Chandler Bond Market Review

Market Summary August 2012

Treasury rates declined moderately in July as domestic economic activity weakened and concerns remained about the European sovereign debt crisis. The Treasury yield curve also flattened as longer term rates fell more than shorter term rates. The financial markets continued to be supported by the expectation of additional measures to stimulate economic growth from global central banks.

The domestic economy has slowed and we believe downside risks remain. Uncertainty regarding the European debt crisis continues to create significant volatility in the financial markets, and concerns about the U.S. reaching a “fiscal cliff” are rising here in the U.S. The July employment report showed that the economy added a better than expected 163,000 jobs. The report reverses four months of disappointing jobs reports and may be more indicative of the underlying trend in the labor markets. While we still expect positive GDP growth over the next few quarters, we believe growth is likely to be quite sluggish.

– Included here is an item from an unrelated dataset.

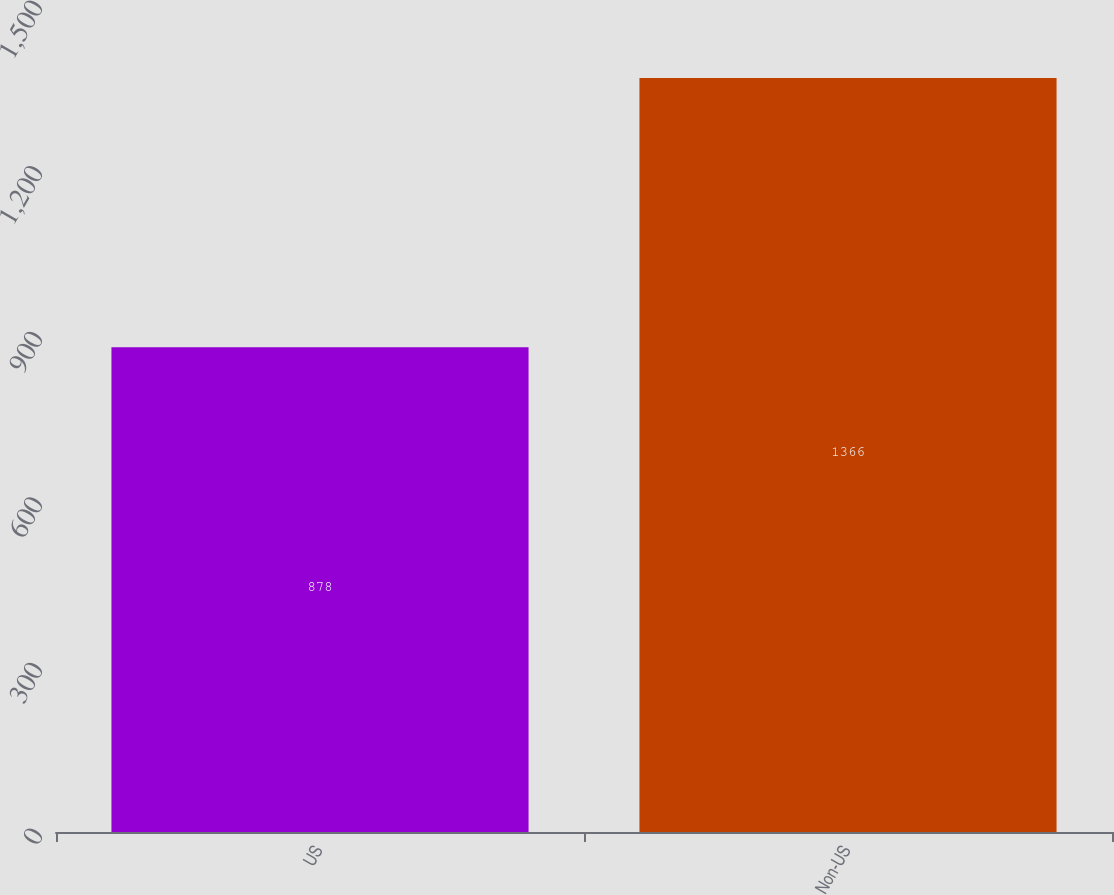<chart> <loc_0><loc_0><loc_500><loc_500><bar_chart><fcel>US<fcel>Non-US<nl><fcel>878<fcel>1366<nl></chart>

In August, the Federal Reserve Open Market Committee left policy rates unchanged at a range of 0-0.25% and was more cautious about its outlook for the economy. The Fed said it “will closely monitor incoming information on economic and financial developments and will provide additional accommodation as needed to promote a stronger economic recovery and sustained improvement in labor market conditions in a context of price stability.” Financial market participants interpreted that the FOMC statement signaled a greater likelihood of further monetary policy stimulus in the future.

Treasury Yields August 2012


This report is provided for general information purposes only and should not be construed as specific legal, tax, or financial planning advice. All opinions and views constitute judgments or relevant information as of the date of writing and such information may become outdated or superseded at any time without notice. This report is not intended to constitute an offer, solicitation, recommendation or advice regarding any securities or investment strategy. This information should not be regarded by recipients as a substitute for the exercise of their own judgment. Fixed income investments are subject to interest, credit, and market risk. Interest rate risk: the value of fixed income investments will decline as interest rates rise. Credit risk: the possibility that the borrower may not be able to repay interest and principal. Low rated bonds generally have to pay higher interest rates to attract investors willing to take on greater risk. Market risk: the bond market in general could decline due to economic conditions,especially during periods of rising interest rates.